В романе «Пригоршня праха», который считается высшим достижением писателя, Во продолжает исследовать всевозможные «разновидности варварства у себя на родине и того беспомощного положения, в котором находится там цивилизованный человек»327. Главная тема произведения, как схематично сформулировал ее сам автор в письме одному из приятелей, – «готический человек в руках варваров»328. Для консерватора и традиционалиста, каким был Ивлин Во, готика являла собой квинтэссенцию европейской культуры и незыблемых христианских ценностей (недаром в одном из поздних интервью он заявил, что «был бы счастлив… в тринадцатом веке»329 – времени расцвета готического стиля).

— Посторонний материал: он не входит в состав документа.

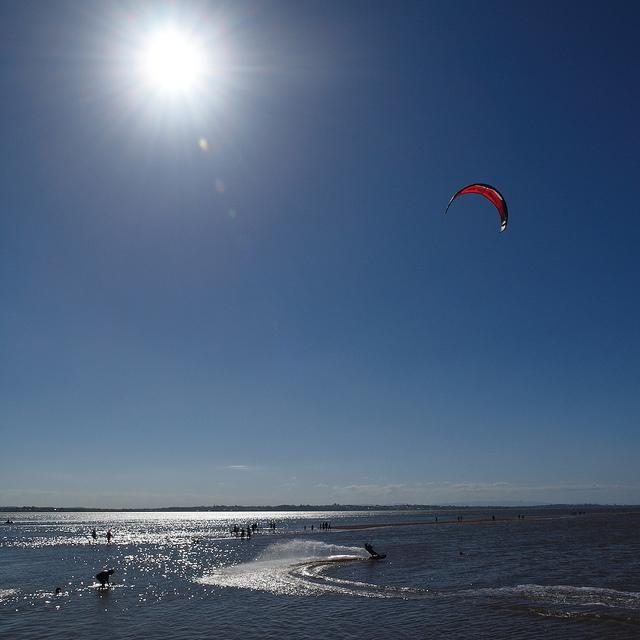What is the person with the kite doing? flying

Отчасти роман продолжал линию, начатую в «Упадке и разрушении». Узнаваем главный сюжетный конфликт. Подобно Полю Пеннифезеру, главный герой романа – мечтатель и романтик Тони Ласт (Last – еще одна говорящая фамилия!), спрятавшийся от городской суеты в идиллическом поместье Хеттон, становится жертвой порочного и бездуховного мира, в котором романтические идеалы и христианские добродетели – супружеская верность, умеренность, порядочность – считаются нелепым анахронизмом (вроде монументального псевдоготического особняка, на чье содержание Тони, к негодованию жены, тратит едва ли не все свои средства). Олицетворением алчного варварства, вторгающегося в пасторальный мирок Тони Ласта, является не только зловещая фигура мамаши Бивер (циничной сводни и перекупщицы), но и Бренда, изменница-жена, от скуки затеявшая любовную интрижку с откровенным ничтожеством, светским бездельником Джоном Бивером, а затем, когда дело дошло до развода, попытавшаяся лишить Тони его поместья. Столкнувшись с предательством любимого человека, наивный идеалист Тони, воображавший себя средневековым лендлордом, центром гармонично упорядоченной вселенной, с ужасом осознает, что его убежище обратилось в «пригоршню праха», что он живет в мире, лишившемся порядка, что «разумное и достойное положение вещей, весь накопленный им жизненный опыт был всего-навсего безделицей, по ошибке засунутой в дальний угол туалетного столика». Из-за преступного легкомыслия и эгоизма Бренды он теряет всё: любовь, душевное равновесие, а затем и свободу; в стремлении забыть семейные неурядицы он отправляется вместе с научной экспедицией в джунгли Амазонии и там попадает в плен к безумцу, который каждый день заставляет его читать вслух книги Диккенса.